Section 2.7: Interpretations Between Theories

Sometimes we want to show that a theory $T'$ in a language $L'$ is at least as powerful as a theory $T$ in a language $L$ . We can do this by “embedding” the theory $T$ with language $L$ into the theory $T'$ with language $L'$ . This is done by translating from $L$ to $L'$ in such a way that the sentences of $T$ are translated to the sentences of $T'$ . In fact, we are going to do just the opposite.
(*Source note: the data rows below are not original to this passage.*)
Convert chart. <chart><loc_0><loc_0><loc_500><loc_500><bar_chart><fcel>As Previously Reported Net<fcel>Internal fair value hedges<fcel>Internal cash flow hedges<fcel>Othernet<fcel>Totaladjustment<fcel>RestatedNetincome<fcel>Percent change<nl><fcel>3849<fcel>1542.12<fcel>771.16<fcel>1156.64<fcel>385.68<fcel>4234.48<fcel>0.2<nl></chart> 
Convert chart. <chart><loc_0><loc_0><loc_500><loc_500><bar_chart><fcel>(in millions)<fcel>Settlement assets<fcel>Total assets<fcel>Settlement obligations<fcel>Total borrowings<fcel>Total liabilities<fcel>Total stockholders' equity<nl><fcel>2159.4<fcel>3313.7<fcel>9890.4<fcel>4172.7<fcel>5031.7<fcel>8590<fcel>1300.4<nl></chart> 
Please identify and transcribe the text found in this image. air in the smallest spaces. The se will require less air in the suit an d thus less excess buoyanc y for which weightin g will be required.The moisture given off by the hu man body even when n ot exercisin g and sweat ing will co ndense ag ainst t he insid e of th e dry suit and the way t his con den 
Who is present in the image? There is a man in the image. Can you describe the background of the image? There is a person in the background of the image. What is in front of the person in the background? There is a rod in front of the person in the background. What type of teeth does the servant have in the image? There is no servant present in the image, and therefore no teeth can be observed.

The idea is that, given a translation $\pi$ of $L$ to $L'$ , for any model $\mathfrak{B}$ of $T'$ , there is a structure $^{\pi}\mathfrak{B}$ in $L$ with the universe being a subset of $\mathfrak{B}$ (defined by the translation of $\forall$ ), such that any $\phi$ in $L$ is true in $^{\pi}\mathfrak{B}$ (with some $s$ ) iff the corresponding translation $\phi^{\pi}$ is true in $\mathfrak{B}$ (with the same $s$ ). Given this fact, and the fact that the sentences in $T'$ are exactly those logically implied by $T'$ , we conclude that the set of sentences true in every $^{\pi}\mathfrak{B}$ (sentences in so-called $\pi^{-1}(T')=\mbox{Th}\{{}^{\pi}\mathfrak{B}|\mathfrak{B}\mbox{ models }\mbox{T'}\}$ ) are those that their translations are in $T'$ (because the translations are true in every model of $T'$ ). Note, that up to this point, we have not considered the theory $T$ itself, and everything is simply based on the translation of $L$ into $L'$ and $T'$ . So, at this point, we choose a translation $\pi$ of $L$ into $L'$ and $T'$ such that $T\subseteq\pi^{-1}(T')$ , or, even better, $T=\pi^{-1}(T')$ .

The flow of discussion is reorganized here compared to the text, as we develop the examples a) showing that $\mathfrak{Z}=(\mathbb{Z};+,\cdot)$ is as powerful as $\mathfrak{N}=(\mathbb{N};0,\mathbb{S})$ , and b) defining functions, following the general discussion.

Notation

Given a formula $\phi$ , by $\phi(t_{1},\ldots,t_{k})$ we mean $((\psi_{t_{1}}^{v_{1}})\ldots)_{t_{k}}^{v_{k}}$ where $\psi$ is an alphabetical variant of $\phi$ (see Section 2.4) such that all $t_{i}$ are substitutable for $v_{i}$ .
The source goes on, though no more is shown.